PROBLEM DETAILS:
Every entry below is to be copied exactly, apart from any picture it holds.

Start of Block

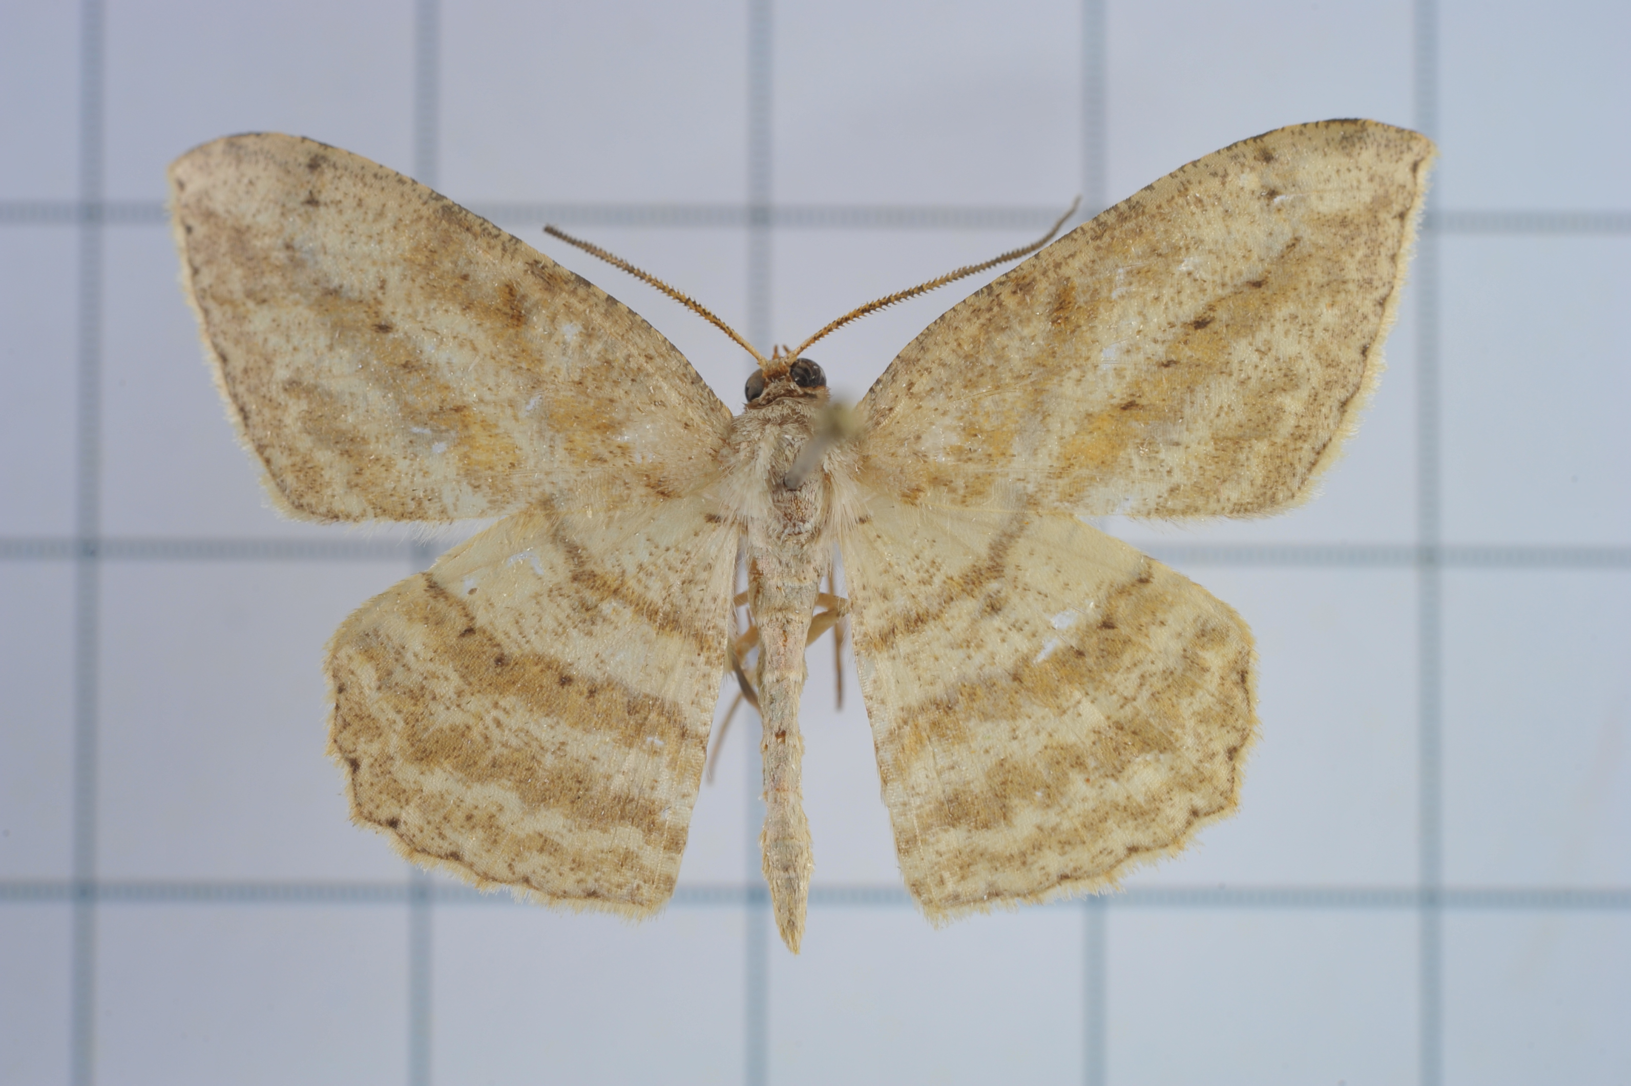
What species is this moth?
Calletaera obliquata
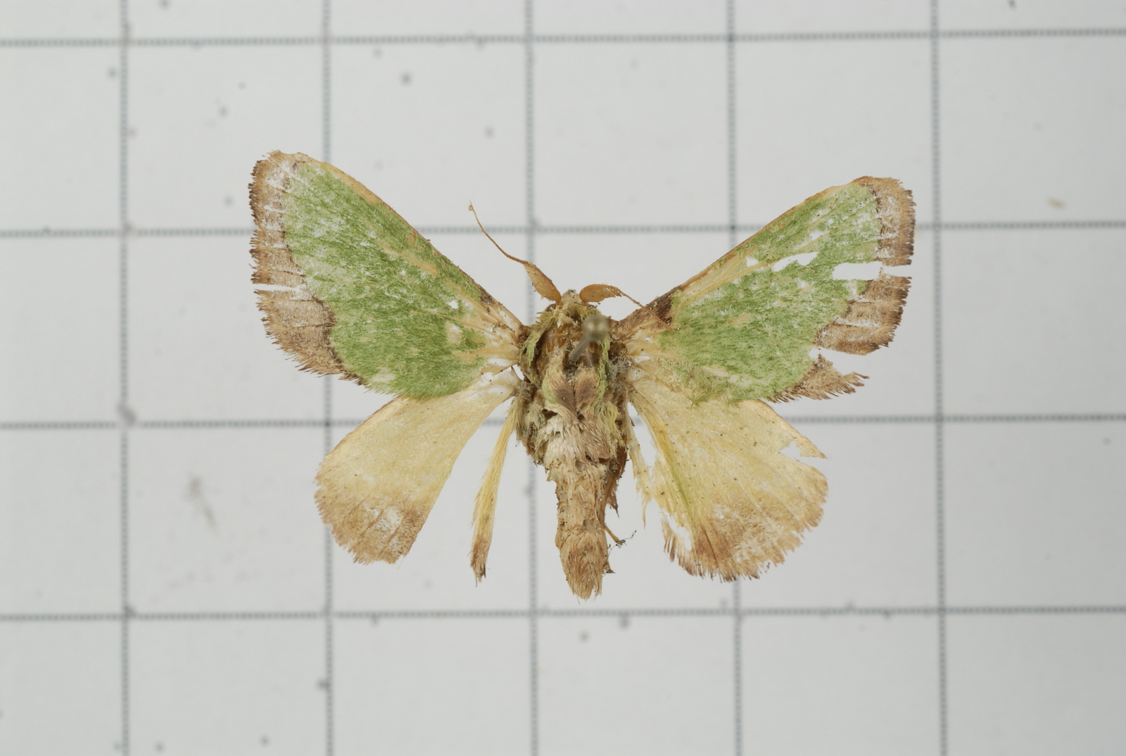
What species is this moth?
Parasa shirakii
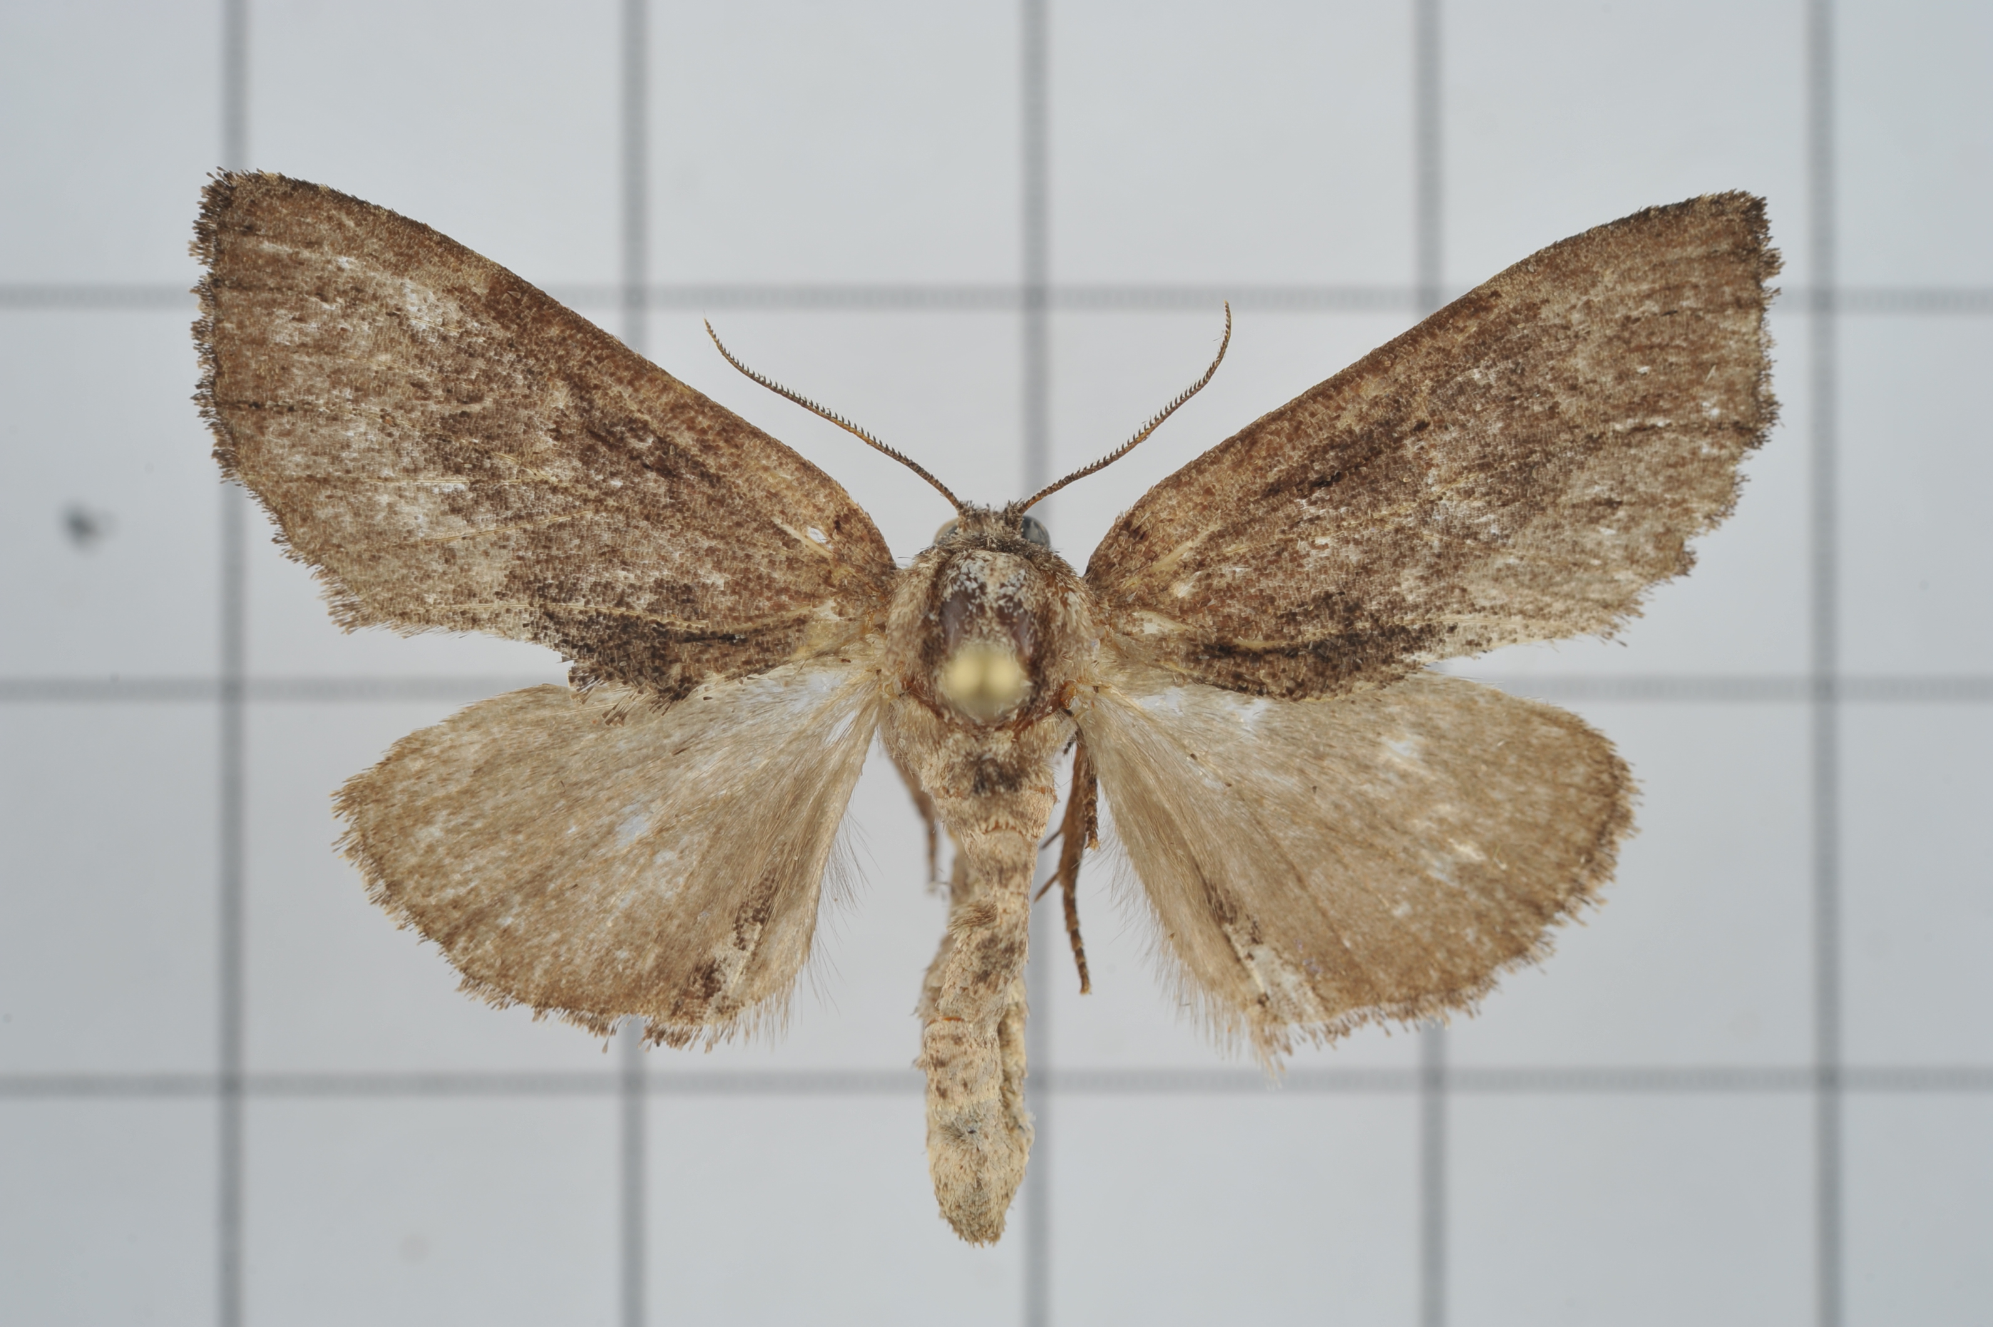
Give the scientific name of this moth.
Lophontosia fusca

End of Block

EXERCISE SOLUTION:
What species is this moth?
Calletaera obliquata
What species is this moth?
Parasa shirakii
Give the scientific name of this moth.
Lophontosia fusca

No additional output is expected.